:: PROMPT ::
Lines that contain the string "HALFEN" are the ones to list; copy all of them from the records.
===== RECORD EXCERPTS
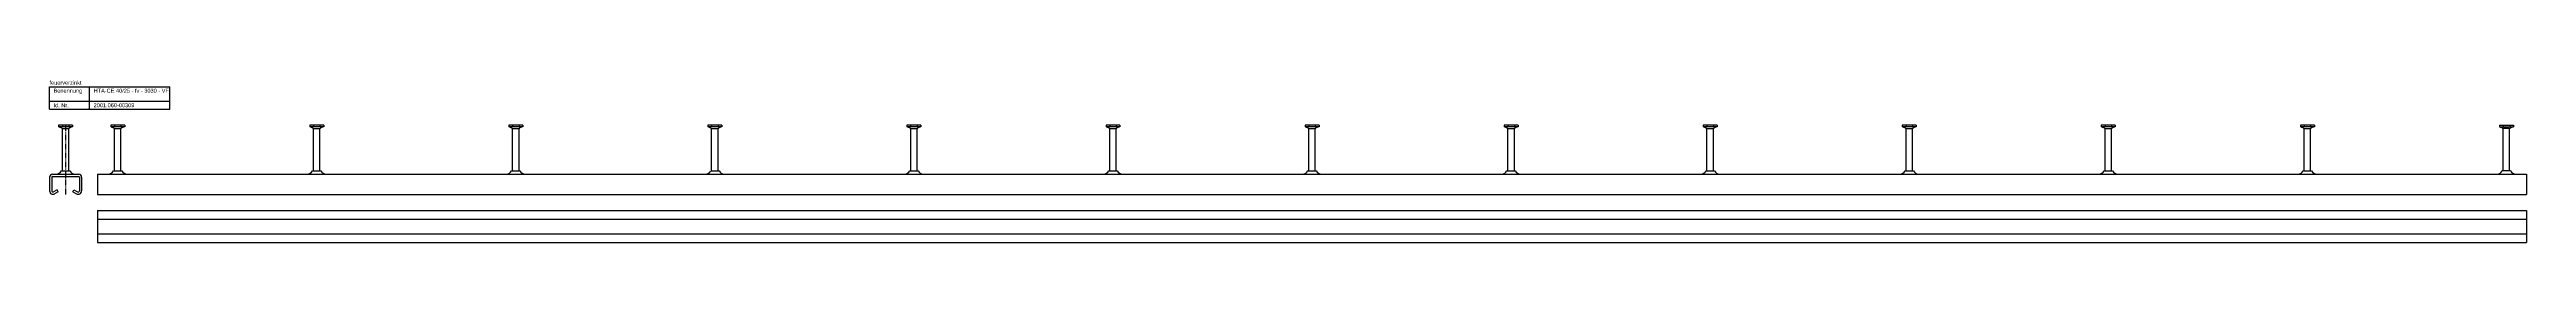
# Model space of a CAD drawing. Header units: millimetres. Extents: x 11969 to 26348, y -459 to 2743.
# Drawn here: x 11969 to 15059, y -159 to 43 of the extents above; entities that cross this region are included whole.
import ezdxf

# ---------------------------------------------------------------- set-up
doc = ezdxf.new("R2010")
doc.units = ezdxf.units.MM
doc.header["$LTSCALE"] = 10
doc.linetypes.add('MITTE2', pattern=[1.125, 0.75, -0.125, 0.125, -0.125])
doc.layers.add('HALFEN', color=2, linetype='CONTINUOUS')
doc.styles.add('ARIAL50', font='arial.ttf', dxfattribs={"height": 5})

msp = doc.modelspace()

# ---------------------------------------------------------------- linework, layer by layer
at = {"layer": 'HALFEN'}
for p, q in [((11969, 35.2), (12119, 35.2)), ((11969, 7.2), (11969, 35.2)), ((12019, 7.2), (12019, 35.2)), ((12119, 7.2), (12119, 35.2)), ((11969, 17.2), (12119, 17.2)), ((11969, 7.2), (12119, 7.2)), ((11997.8, -12.8), (11980.3, -12.8)), ((11980.3, -12.8), (11980.3, -14.7)), ((11997.8, -14.7), (11980.3, -14.7)), ((11981, -14.7), (11984.6, -16.5)), ((11985, -13), (11985, -14.4)), ((11985, -69.4), (11985, -17.2)), ((11985.6, -16.8), (11992.5, -16.8)), ((11993, -69.4), (11993, -17.2)), ((11993.1, -13), (11993.1, -14.4)), ((11997, -14.7), (11993.5, -16.5)), ((11997.8, -12.8), (11997.8, -14.7)), ((12062.8, -12.8), (12045.3, -12.8)), ((12045.3, -12.8), (12045.3, -14.7)), ((12062.8, -14.7), (12045.3, -14.7)), ((12046, -14.7), (12049.6, -16.5)), ((12050, -13), (12050, -14.4)), ((12050, -69.4), (12050, -17.2)), ((12050.6, -16.8), (12057.5, -16.8)), ((12058, -69.4), (12058, -17.2)), ((12058.1, -13), (12058.1, -14.4)), ((12062, -14.7), (12058.5, -16.5)), ((12062.8, -12.8), (12062.8, -14.7)), ((12311.1, -12.8), (12293.6, -12.8)), ((12293.6, -12.8), (12293.6, -14.7)), ((12311.1, -14.7), (12293.6, -14.7)), ((12294.4, -14.7), (12297.9, -16.5)), ((12298.3, -13), (12298.3, -14.4)), ((12298.4, -69.4), (12298.4, -17.2)), ((12298.9, -16.8), (12305.8, -16.8)), ((12306.4, -13), (12306.4, -14.4)), ((12306.4, -69.4), (12306.4, -17.2)), ((12310.4, -14.7), (12306.8, -16.5)), ((12311.1, -12.8), (12311.1, -14.7)), ((12559.4, -12.8), (12542, -12.8)), ((12542, -12.8), (12542, -14.7)), ((12559.4, -14.7), (12542, -14.7)), ((12542.7, -14.7), (12546.3, -16.5)), ((12546.6, -13), (12546.6, -14.4)), ((12546.7, -69.4), (12546.7, -17.2)), ((12547.2, -16.8), (12554.2, -16.8)), ((12554.7, -69.4), (12554.7, -17.2)), ((12554.8, -13), (12554.8, -14.4)), ((12558.7, -14.7), (12555.1, -16.5)), ((12559.4, -12.8), (12559.4, -14.7)), ((12807.8, -12.8), (12790.3, -12.8)), ((12790.3, -12.8), (12790.3, -14.7)), ((12807.8, -14.7), (12790.3, -14.7)), ((12791, -14.7), (12794.6, -16.5)), ((12795, -13), (12795, -14.4)), ((12795, -69.4), (12795, -17.2)), ((12795.6, -16.8), (12802.5, -16.8)), ((12803, -69.4), (12803, -17.2)), ((12803.1, -13), (12803.1, -14.4)), ((12807, -14.7), (12803.5, -16.5)), ((12807.8, -12.8), (12807.8, -14.7)), ((13056.1, -12.8), (13038.6, -12.8)), ((13038.6, -12.8), (13038.6, -14.7)), ((13056.1, -14.7), (13038.6, -14.7)), ((13039.4, -14.7), (13042.9, -16.5)), ((13043.3, -13), (13043.3, -14.4)), ((13043.4, -69.4), (13043.4, -17.2)), ((13043.9, -16.8), (13050.8, -16.8)), ((13051.4, -13), (13051.4, -14.4)), ((13051.4, -69.4), (13051.4, -17.2)), ((13055.4, -14.7), (13051.8, -16.5)), ((13056.1, -12.8), (13056.1, -14.7)), ((13304.4, -12.8), (13287, -12.8)), ((13287, -12.8), (13287, -14.7)), ((13304.4, -14.7), (13287, -14.7)), ((13287.7, -14.7), (13291.3, -16.5)), ((13291.6, -13), (13291.6, -14.4)), ((13291.7, -69.4), (13291.7, -17.2)), ((13292.2, -16.8), (13299.2, -16.8)), ((13299.7, -69.4), (13299.7, -17.2)), ((13299.8, -13), (13299.8, -14.4)), ((13303.7, -14.7), (13300.1, -16.5)), ((13304.4, -12.8), (13304.4, -14.7)), ((13552.8, -12.8), (13535.3, -12.8)), ((13535.3, -12.8), (13535.3, -14.7)), ((13552.8, -14.7), (13535.3, -14.7)), ((13536, -14.7), (13539.6, -16.5)), ((13540, -13), (13540, -14.4)), ((13540, -69.4), (13540, -17.2)), ((13540.6, -16.8), (13547.5, -16.8)), ((13548, -69.4), (13548, -17.2)), ((13548.1, -13), (13548.1, -14.4)), ((13552, -14.7), (13548.5, -16.5)), ((13552.8, -12.8), (13552.8, -14.7)), ((13801.1, -12.8), (13783.6, -12.8)), ((13783.6, -12.8), (13783.6, -14.7)), ((13801.1, -14.7), (13783.6, -14.7)), ((13784.4, -14.7), (13787.9, -16.5)), ((13788.3, -13), (13788.3, -14.4)), ((13788.4, -69.4), (13788.4, -17.2)), ((13788.9, -16.8), (13795.8, -16.8)), ((13796.4, -13), (13796.4, -14.4)), ((13796.4, -69.4), (13796.4, -17.2)), ((13800.4, -14.7), (13796.8, -16.5)), ((13801.1, -12.8), (13801.1, -14.7)), ((14049.4, -12.8), (14032, -12.8)), ((14032, -12.8), (14032, -14.7)), ((14049.4, -14.7), (14032, -14.7)), ((14032.7, -14.7), (14036.3, -16.5)), ((14036.6, -13), (14036.6, -14.4)), ((14036.7, -69.4), (14036.7, -17.2)), ((14037.2, -16.8), (14044.2, -16.8)), ((14044.7, -69.4), (14044.7, -17.2)), ((14044.8, -13), (14044.8, -14.4)), ((14048.7, -14.7), (14045.1, -16.5)), ((14049.4, -12.8), (14049.4, -14.7)), ((14297.8, -12.8), (14280.3, -12.8)), ((14280.3, -12.8), (14280.3, -14.7)), ((14297.8, -14.7), (14280.3, -14.7)), ((14281, -14.7), (14284.6, -16.5)), ((14285, -13), (14285, -14.4)), ((14285, -69.4), (14285, -17.2)), ((14285.6, -16.8), (14292.5, -16.8)), ((14293, -69.4), (14293, -17.2)), ((14293.1, -13), (14293.1, -14.4)), ((14297, -14.7), (14293.5, -16.5)), ((14297.8, -12.8), (14297.8, -14.7)), ((14546.1, -12.8), (14528.6, -12.8)), ((14528.6, -12.8), (14528.6, -14.7)), ((14546.1, -14.7), (14528.6, -14.7)), ((14529.4, -14.7), (14532.9, -16.5)), ((14533.3, -13), (14533.3, -14.4)), ((14533.4, -69.4), (14533.4, -17.2)), ((14533.9, -16.8), (14540.8, -16.8)), ((14541.4, -13), (14541.4, -14.4)), ((14541.4, -69.4), (14541.4, -17.2)), ((14545.4, -14.7), (14541.8, -16.5)), ((14546.1, -12.8), (14546.1, -14.7)), ((14794.4, -12.8), (14777, -12.8)), ((14777, -12.8), (14777, -14.7)), ((14794.4, -14.7), (14777, -14.7)), ((14777.7, -14.7), (14781.3, -16.5)), ((14781.6, -13), (14781.6, -14.4)), ((14781.7, -69.4), (14781.7, -17.2)), ((14782.2, -16.8), (14789.2, -16.8)), ((14789.7, -69.4), (14789.7, -17.2)), ((14789.8, -13), (14789.8, -14.4)), ((14793.7, -14.7), (14790.1, -16.5)), ((14794.4, -12.8), (14794.4, -14.7)), ((15025.3, -12.8), (15042.8, -12.8)), ((15025.3, -12.8), (15025.3, -14.7)), ((15025.3, -14.7), (15042.8, -14.7)), ((15026, -14.7), (15029.6, -16.5)), ((15030, -13), (15030, -14.4)), ((15030, -69.4), (15030, -17.2)), ((15037.5, -16.8), (15030.6, -16.8)), ((15038, -69.4), (15038, -17.2)), ((15038.1, -13), (15038.1, -14.4)), ((15042, -14.7), (15038.5, -16.5)), ((15042.8, -12.8), (15042.8, -14.7)), ((11969, -77.4), (11969, -94.4)), ((11971.8, -77.4), (11971.8, -94.4)), ((11972.8, -73.6), (12005.3, -73.6)), ((11972.8, -76.4), (12005.3, -76.4)), ((11983.8, -69.4), (11994.3, -69.4)), ((12006.3, -77.4), (12006.3, -94.4)), ((12009, -77.4), (12009, -94.4)), ((12029, -73.6), (15059, -73.6)), ((12029, -73.6), (12029, -98.7)), ((12048.8, -69.4), (12059.3, -69.4)), ((12297.1, -69.4), (12307.6, -69.4)), ((12545.4, -69.4), (12555.9, -69.4)), ((12793.8, -69.4), (12804.3, -69.4)), ((13042.1, -69.4), (13052.6, -69.4)), ((13290.4, -69.4), (13300.9, -69.4)), ((13538.8, -69.4), (13549.3, -69.4)), ((13787.1, -69.4), (13797.6, -69.4)), ((14035.4, -69.4), (14045.9, -69.4)), ((14283.8, -69.4), (14294.3, -69.4)), ((14532.1, -69.4), (14542.6, -69.4)), ((14780.4, -69.4), (14790.9, -69.4)), ((15039.3, -69.4), (15028.8, -69.4)), ((15059, -73.6), (15059, -98.7)), ((11978.6, -93), (11974, -95.7)), ((11980, -95.4), (11975.4, -98.1)), ((11980, -95.4), (11978.6, -93)), ((11998, -95.4), (11999.4, -93)), ((11998, -95.4), (12002.6, -98.1)), ((11999.4, -93), (12004, -95.7)), ((12029, -98.7), (15059, -98.7)), ((12029, -118.7), (15059, -118.7)), ((12029, -118.7), (12029, -158.7)), ((15059, -118.7), (15059, -158.7)), ((12029, -129.7), (15059, -129.7)), ((12029, -147.7), (15059, -147.7)), ((12029, -158.7), (15059, -158.7))]:
    msp.add_line(p, q, dxfattribs=at)
at = {"layer": 'HALFEN', "color": 1, "linetype": 'MITTE2'}
msp.add_line((11989, -12.8), (11989, -98.7), dxfattribs=at)
at = {"layer": 'HALFEN'}
for centre, radius, start, end in [((11984.2, -17.2), 0.8, 0, 62.3005), ((11993.8, -17.2), 0.8, 117.6995, 180), ((12049.2, -17.2), 0.8, 0, 62.3005), ((12058.8, -17.2), 0.8, 117.6995, 180), ((12297.6, -17.2), 0.8, 0, 62.3005), ((12307.2, -17.2), 0.8, 117.6995, 180), ((12545.9, -17.2), 0.8, 0, 62.3005), ((12555.5, -17.2), 0.8, 117.6995, 180), ((12794.2, -17.2), 0.8, 0, 62.3005), ((12803.8, -17.2), 0.8, 117.6995, 180), ((13042.6, -17.2), 0.8, 0, 62.3005), ((13052.2, -17.2), 0.8, 117.6995, 180), ((13290.9, -17.2), 0.8, 0, 62.3005), ((13300.5, -17.2), 0.8, 117.6995, 180), ((13539.2, -17.2), 0.8, 0, 62.3005), ((13548.8, -17.2), 0.8, 117.6995, 180), ((13787.6, -17.2), 0.8, 0, 62.3005), ((13797.2, -17.2), 0.8, 117.6995, 180), ((14035.9, -17.2), 0.8, 0, 62.3005), ((14045.5, -17.2), 0.8, 117.6995, 180), ((14284.2, -17.2), 0.8, 0, 62.3005), ((14293.8, -17.2), 0.8, 117.6995, 180), ((14532.6, -17.2), 0.8, 0, 62.3005), ((14542.2, -17.2), 0.8, 117.6995, 180), ((14780.9, -17.2), 0.8, 0, 62.3005), ((14790.5, -17.2), 0.8, 117.6995, 180), ((15029.2, -17.2), 0.8, 0, 62.3005), ((15038.8, -17.2), 0.8, 117.6995, 180), ((11972.8, -77.4), 3.75, 90, 180), ((11972.8, -77.4), 1, 90, 180), ((11975.5, -63.9), 10, 281.7837, 326.0185), ((12002.6, -63.9), 10, 213.9815, 258.2163), ((12005.3, -77.4), 3.75, 0, 90), ((12005.3, -77.4), 1, 0, 90), ((12040.5, -63.9), 10, 281.7837, 326.0185), ((12067.6, -63.9), 10, 213.9815, 258.2163), ((12288.8, -63.9), 10, 281.7837, 326.0185), ((12315.9, -63.9), 10, 213.9815, 258.2163), ((12537.2, -63.9), 10, 281.7837, 326.0185), ((12564.2, -63.9), 10, 213.9815, 258.2163), ((12785.5, -63.9), 10, 281.7837, 326.0185), ((12812.6, -63.9), 10, 213.9815, 258.2163), ((13033.8, -63.9), 10, 281.7837, 326.0185), ((13060.9, -63.9), 10, 213.9815, 258.2163), ((13282.2, -63.9), 10, 281.7837, 326.0185), ((13309.2, -63.9), 10, 213.9815, 258.2163), ((13530.5, -63.9), 10, 281.7837, 326.0185), ((13557.6, -63.9), 10, 213.9815, 258.2163), ((13778.8, -63.9), 10, 281.7837, 326.0185), ((13805.9, -63.9), 10, 213.9815, 258.2163), ((14027.2, -63.9), 10, 281.7837, 326.0185), ((14054.2, -63.9), 10, 213.9815, 258.2163), ((14275.5, -63.9), 10, 281.7837, 326.0185), ((14302.6, -63.9), 10, 213.9815, 258.2163), ((14523.8, -63.9), 10, 281.7837, 326.0185), ((14550.9, -63.9), 10, 213.9815, 258.2163), ((14772.2, -63.9), 10, 281.7837, 326.0185), ((14799.2, -63.9), 10, 213.9815, 258.2163), ((15020.5, -63.9), 10, 281.7837, 326.0185), ((15047.6, -63.9), 10, 213.9815, 258.2163), ((11973.3, -94.4), 4.25, 180, 300.4516), ((11973.3, -94.4), 1.5, 180, 300.4516), ((12004.8, -94.4), 4.25, 239.5484, 0), ((12004.8, -94.4), 1.5, 239.5484, 0)]:
    msp.add_arc(centre, radius, start, end, dxfattribs=at)

# ---------------------------------------------------------------- texts
at = {"layer": 'HALFEN', "style": 'ARIAL50'}
for s, p in [('feuerverzinkt', (11969, 37.7)), ('Benennung', (11974, 27.7)), ('HTA-CE 40/25 - fv - 3030 - VF', (12024, 27.7)), ('Id. Nr.', (11974, 9.7)), ('2001.060-00309', (12024, 9.7))]:
    msp.add_text(s, height=5, dxfattribs=at).set_placement(p)

doc.saveas('drawing.dxf')
==========
:: SOLUTION FOR THIS EXERCISE ::
doc.layers.add('HALFEN', color=2, linetype='CONTINUOUS')
at = {"layer": 'HALFEN'}
at = {"layer": 'HALFEN', "color": 1, "linetype": 'MITTE2'}
at = {"layer": 'HALFEN'}
at = {"layer": 'HALFEN', "style": 'ARIAL50'}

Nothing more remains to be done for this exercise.